Drove to the village of Bride, passed an open tea-room and as it was 2.30 and we hadn’t eaten lunch, we stopped. It was perfect. I had red wine and goulash, and Husband had a cup of tea and a burger. People at other tables seemed to be ordering food that wasn’t on the menu (I definitely saw a lasagna!) but I was happy with my choice.
The guide book said there was a Celtic cross in the Parish church, so we went to look. We wandered among the graves, but no Celtic cross. I decided to look inside the church, and there it was! The black stone, engraved in the year 900 was still ornate, though it exuded old age, somehow the black stone managed to look ancient. The son who created it over the grave of his mother would never have guessed that we, in our modern clothes, with cars and houses, would one day trace the markings with our finger, and think about those long-ago people.
We drove home via Ramsey, simply so that Husband could drive the A18, which is the TT course across Snaefell. I am so glad we didn’t hire anything faster than a Corsa!
On Thursday, we went to Castletown. In the town square is the ‘Candlestick’ which is the plynth intended to hold the statue of Governor Cornelius Smelt (1805-1832). But the town people refused—and still refuse—to pay for the actual statue, so the column stands there, empty, looking like a giant candlestick!
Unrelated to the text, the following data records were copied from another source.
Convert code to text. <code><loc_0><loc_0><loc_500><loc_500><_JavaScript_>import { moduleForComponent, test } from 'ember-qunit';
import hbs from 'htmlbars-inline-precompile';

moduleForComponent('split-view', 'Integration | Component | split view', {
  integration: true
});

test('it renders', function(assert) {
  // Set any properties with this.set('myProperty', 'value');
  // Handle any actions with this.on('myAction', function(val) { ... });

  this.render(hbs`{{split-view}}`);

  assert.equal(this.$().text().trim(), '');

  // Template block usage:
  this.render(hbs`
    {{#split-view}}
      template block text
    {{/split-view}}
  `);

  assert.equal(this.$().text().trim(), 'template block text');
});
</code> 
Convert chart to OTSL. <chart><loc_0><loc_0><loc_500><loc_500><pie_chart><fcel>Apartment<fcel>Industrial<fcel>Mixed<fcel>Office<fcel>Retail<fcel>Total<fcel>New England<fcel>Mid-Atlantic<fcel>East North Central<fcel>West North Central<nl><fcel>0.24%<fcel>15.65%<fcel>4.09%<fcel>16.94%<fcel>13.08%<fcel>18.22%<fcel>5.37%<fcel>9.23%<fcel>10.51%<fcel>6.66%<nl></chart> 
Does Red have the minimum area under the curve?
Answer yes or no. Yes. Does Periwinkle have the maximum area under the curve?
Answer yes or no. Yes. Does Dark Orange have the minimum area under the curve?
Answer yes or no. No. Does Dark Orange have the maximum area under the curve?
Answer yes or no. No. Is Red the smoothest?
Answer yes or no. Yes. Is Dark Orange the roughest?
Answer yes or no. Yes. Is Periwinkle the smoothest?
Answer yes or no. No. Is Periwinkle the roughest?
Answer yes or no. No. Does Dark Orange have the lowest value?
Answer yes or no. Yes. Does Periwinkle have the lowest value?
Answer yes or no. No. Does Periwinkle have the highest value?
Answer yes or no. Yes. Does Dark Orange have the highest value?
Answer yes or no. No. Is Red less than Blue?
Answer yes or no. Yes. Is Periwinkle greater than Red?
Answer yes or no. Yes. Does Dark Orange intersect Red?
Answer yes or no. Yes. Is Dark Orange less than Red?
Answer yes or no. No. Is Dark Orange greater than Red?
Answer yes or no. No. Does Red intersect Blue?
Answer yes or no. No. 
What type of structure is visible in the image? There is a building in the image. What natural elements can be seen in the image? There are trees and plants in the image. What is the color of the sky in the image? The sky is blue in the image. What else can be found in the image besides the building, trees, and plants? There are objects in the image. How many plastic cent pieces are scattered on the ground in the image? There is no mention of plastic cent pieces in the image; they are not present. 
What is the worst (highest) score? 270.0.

I had read that Castletown had the plug to an old volcano, and I was interested to see it (to be honest, I wasn’t exactly sure what a ‘plug’ was, but I like volcanoes). We set off for the visitor centre. It was shut (everything is shut in March) but there was a helpful sign on the wall, which explained the geology of the beach. Now, I do not usually have any interest in geology, but this was rather amazing. There were slabs of limestone, which had been mined, and the remains of the lime kilns. Right next to the lime was a ‘storm beach’—fat pebbles washed up during a storm; and behind it all was the volcano plug, which was a hill of rocky volcanic larva from about a million years ago. It was, surprisingly, very interesting.
We finished our trip to Castletown with tea and cake. There is of course, a castle in the town, but I felt the teashop would be more fun.
I hope you make some good choices today.